I'm present with something called a translation $(x,y) \rightarrow (x+3,y+5)$ . I'm tasked with showing that this "translation" can't be done as a linear mapping using regular coordinants.

Any hints/idear on how I do that ????

Hope and pray to hear from You.

Sincerely and Best Regards,

Fred

**hpe** · June 13th 2005, 07:39 AM

Suppose this were a linear mapping. Then if $(a_1,b_1) \to (c_1,d_1)$ as well as $(a_2,b_2) \to (c_2,d_2)$ , it would follow that $(a_1+a_2,b_1+b_2) \to (c_1+c_2,d_1+d_2)$ . (Check the definition of linearity in your notes.)

Now try this for your mapping:
$(1,1) \to (4,6)$ and $(2,2) \to (5,7)$ , but $<br /> (1+2,1+2) = (3,3) \to (6,8) \ne (4+5,6+7)$ .

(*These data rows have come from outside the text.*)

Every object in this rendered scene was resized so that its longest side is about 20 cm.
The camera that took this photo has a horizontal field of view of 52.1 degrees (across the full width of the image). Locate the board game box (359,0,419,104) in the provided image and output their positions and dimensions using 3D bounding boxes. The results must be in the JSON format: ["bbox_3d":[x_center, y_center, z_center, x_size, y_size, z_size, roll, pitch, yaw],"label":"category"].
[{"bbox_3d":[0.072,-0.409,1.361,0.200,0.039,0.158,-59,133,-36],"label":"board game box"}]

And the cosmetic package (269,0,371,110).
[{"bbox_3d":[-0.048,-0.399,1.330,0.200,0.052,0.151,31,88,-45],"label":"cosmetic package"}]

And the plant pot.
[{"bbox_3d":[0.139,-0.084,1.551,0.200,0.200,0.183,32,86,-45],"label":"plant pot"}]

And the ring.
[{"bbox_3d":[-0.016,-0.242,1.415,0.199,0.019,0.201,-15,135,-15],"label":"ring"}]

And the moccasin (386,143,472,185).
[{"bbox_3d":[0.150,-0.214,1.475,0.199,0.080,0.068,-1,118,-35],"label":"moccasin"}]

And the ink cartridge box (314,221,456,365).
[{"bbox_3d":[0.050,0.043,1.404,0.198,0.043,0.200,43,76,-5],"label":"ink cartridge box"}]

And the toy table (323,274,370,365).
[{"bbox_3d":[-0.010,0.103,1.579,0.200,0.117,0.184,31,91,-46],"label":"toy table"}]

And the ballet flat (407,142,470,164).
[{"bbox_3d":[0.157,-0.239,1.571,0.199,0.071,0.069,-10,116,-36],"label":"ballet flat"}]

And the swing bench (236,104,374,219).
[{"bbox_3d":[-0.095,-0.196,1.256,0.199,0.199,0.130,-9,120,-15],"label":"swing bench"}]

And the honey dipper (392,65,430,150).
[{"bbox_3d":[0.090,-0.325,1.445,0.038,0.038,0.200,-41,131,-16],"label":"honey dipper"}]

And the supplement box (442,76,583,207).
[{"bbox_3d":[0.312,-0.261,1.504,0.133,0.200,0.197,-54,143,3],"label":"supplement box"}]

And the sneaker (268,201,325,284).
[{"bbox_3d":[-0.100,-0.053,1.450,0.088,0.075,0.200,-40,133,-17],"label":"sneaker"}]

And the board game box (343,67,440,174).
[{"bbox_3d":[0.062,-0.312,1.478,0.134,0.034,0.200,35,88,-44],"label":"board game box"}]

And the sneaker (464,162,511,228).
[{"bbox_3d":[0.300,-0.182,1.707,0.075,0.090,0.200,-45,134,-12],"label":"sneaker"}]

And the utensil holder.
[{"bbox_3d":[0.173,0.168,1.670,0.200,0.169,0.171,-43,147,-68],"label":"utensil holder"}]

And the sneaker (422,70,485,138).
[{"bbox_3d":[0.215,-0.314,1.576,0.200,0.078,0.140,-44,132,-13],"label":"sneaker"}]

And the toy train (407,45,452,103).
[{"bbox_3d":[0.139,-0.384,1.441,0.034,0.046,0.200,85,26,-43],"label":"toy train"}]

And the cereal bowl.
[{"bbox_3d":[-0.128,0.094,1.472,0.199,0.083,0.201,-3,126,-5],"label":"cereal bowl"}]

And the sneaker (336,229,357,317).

Thus the mapping is not linear.

**Mathman24** · June 13th 2005, 09:32 AM

Hello hpe and many thanks for Your answer,

How do I then prove that the mapping can be done using homogeneous coordinants ??

Sincerely

Fred

Originally Posted by hpe

Suppose this were a linear mapping. Then if $(a_1,b_1) \to (c_1,d_1)$ as well as $(a_2,b_2) \to (c_2,d_2)$ , it would follow that $(a_1+a_2,b_1+b_2) \to (c_1+c_2,d_1+d_2)$ . (Check the definition of linearity in your notes.)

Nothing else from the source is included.